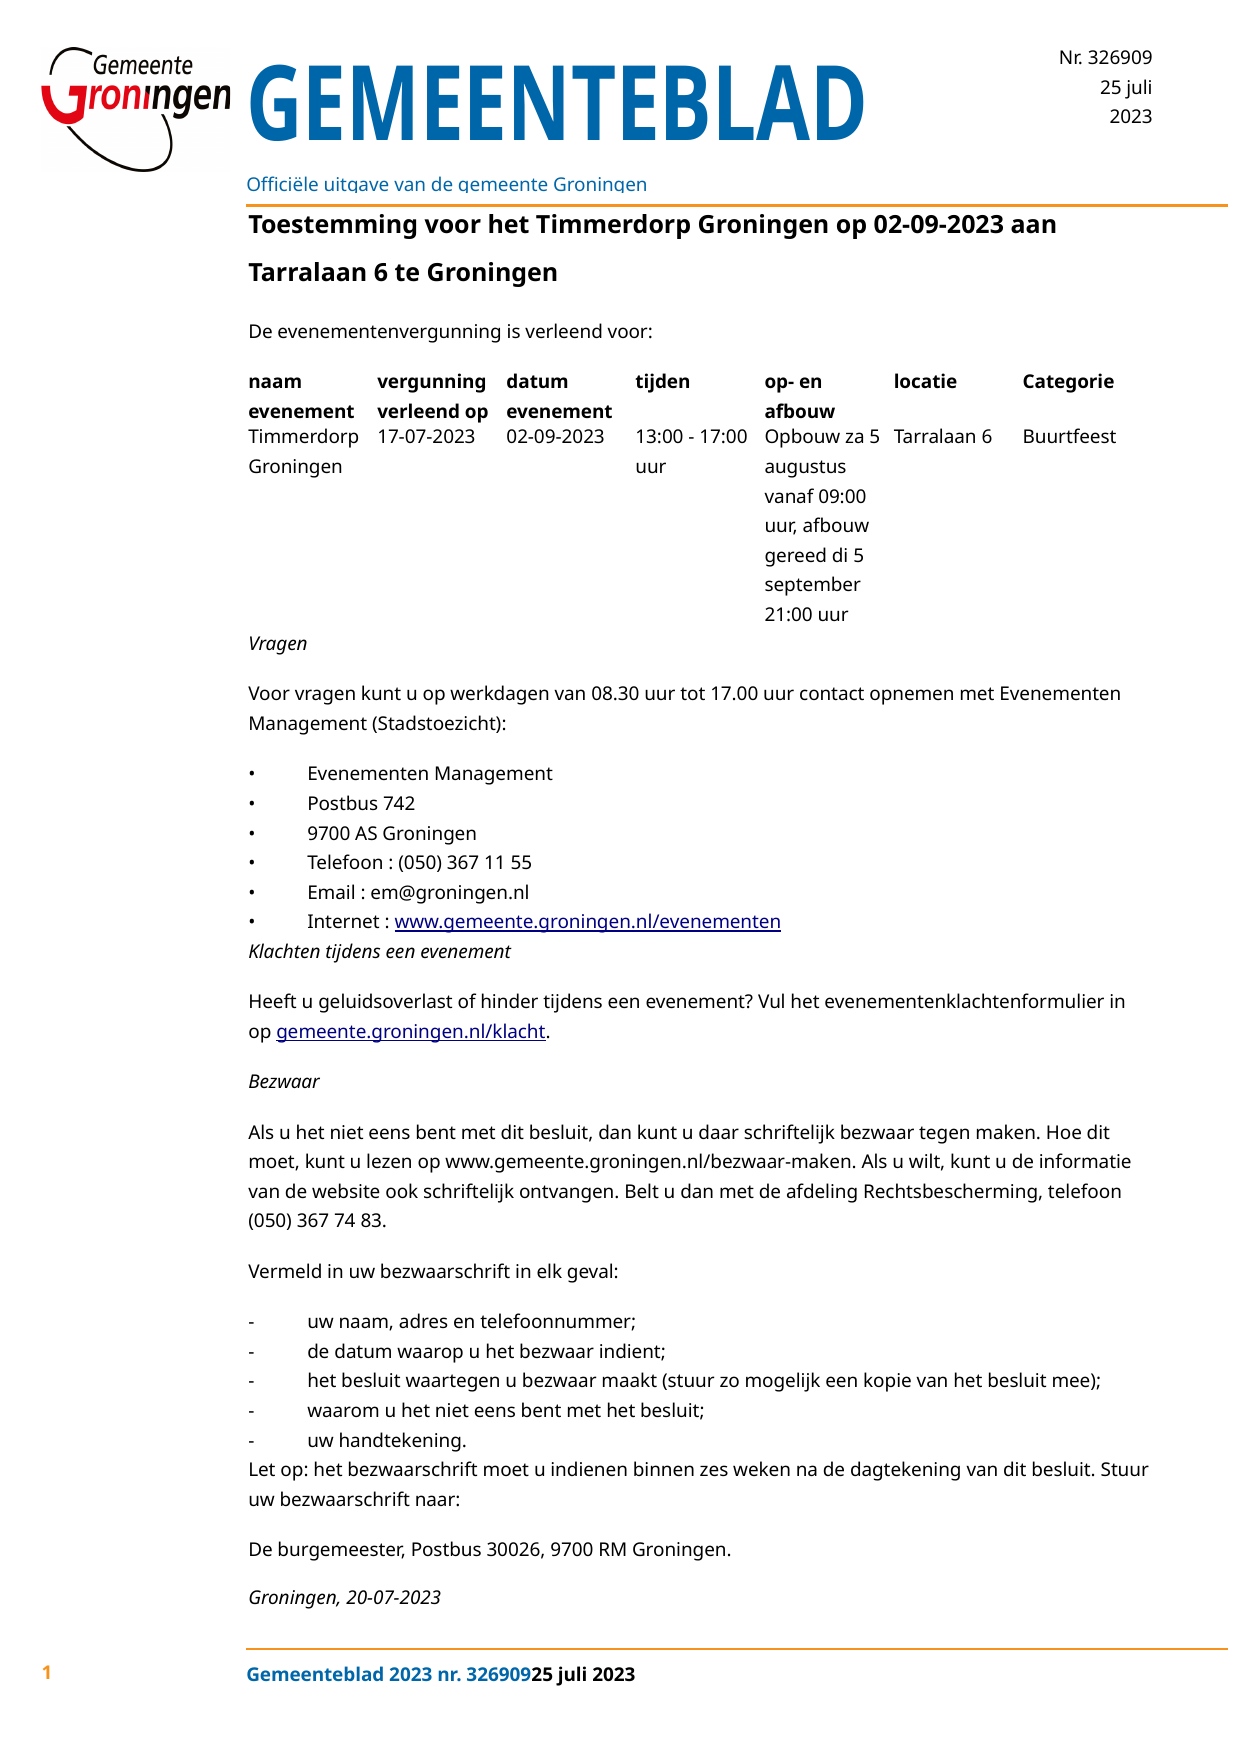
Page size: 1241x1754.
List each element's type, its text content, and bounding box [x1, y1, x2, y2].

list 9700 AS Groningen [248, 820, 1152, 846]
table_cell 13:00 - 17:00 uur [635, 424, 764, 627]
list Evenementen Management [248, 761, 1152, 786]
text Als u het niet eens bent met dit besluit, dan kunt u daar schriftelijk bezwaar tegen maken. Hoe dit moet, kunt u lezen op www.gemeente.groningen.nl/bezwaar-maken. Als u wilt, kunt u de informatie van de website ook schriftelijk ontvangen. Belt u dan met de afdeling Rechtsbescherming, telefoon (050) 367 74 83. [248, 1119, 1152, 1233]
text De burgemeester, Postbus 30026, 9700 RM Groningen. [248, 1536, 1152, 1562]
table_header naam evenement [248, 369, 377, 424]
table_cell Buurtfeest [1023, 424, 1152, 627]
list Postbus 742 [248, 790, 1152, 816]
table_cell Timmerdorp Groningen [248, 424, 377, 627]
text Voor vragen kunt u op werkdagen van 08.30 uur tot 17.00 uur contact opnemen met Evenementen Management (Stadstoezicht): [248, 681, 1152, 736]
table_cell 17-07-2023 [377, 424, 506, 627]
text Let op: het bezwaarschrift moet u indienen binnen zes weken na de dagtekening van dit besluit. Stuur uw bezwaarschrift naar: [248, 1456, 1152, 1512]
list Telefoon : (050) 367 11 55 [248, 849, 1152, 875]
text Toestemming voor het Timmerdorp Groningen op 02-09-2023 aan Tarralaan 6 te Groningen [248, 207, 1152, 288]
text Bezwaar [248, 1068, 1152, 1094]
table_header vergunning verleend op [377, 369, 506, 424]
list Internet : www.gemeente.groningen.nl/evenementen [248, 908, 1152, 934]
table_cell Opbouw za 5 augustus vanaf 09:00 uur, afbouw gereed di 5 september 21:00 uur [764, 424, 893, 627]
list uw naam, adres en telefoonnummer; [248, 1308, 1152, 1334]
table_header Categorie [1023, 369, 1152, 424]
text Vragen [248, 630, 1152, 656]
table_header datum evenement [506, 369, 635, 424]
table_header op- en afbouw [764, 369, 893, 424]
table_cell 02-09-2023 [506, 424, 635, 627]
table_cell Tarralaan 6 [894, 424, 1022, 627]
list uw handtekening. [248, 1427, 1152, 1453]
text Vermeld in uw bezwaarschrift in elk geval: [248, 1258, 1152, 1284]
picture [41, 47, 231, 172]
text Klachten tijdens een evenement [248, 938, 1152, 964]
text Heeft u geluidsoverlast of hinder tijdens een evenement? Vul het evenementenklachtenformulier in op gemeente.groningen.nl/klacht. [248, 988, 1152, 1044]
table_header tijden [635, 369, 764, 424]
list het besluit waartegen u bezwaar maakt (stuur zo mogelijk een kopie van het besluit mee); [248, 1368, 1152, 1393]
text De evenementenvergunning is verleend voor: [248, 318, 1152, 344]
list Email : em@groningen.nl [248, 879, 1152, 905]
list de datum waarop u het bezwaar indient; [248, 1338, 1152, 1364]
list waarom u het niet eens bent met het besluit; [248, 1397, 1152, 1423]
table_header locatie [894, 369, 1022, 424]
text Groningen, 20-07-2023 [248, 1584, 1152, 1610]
********************
* [Description of the task] The response should hold exactly the lines starting at the line with "table_header datum evenement" and ending at the line with "list uw handtekening. [248, 1427, 1152, 1453]", and no other line of the material above.

* [Written solution]
table_header datum evenement [506, 369, 635, 424]
table_header op- en afbouw [764, 369, 893, 424]
table_cell 02-09-2023 [506, 424, 635, 627]
table_cell Tarralaan 6 [894, 424, 1022, 627]
list uw handtekening. [248, 1427, 1152, 1453]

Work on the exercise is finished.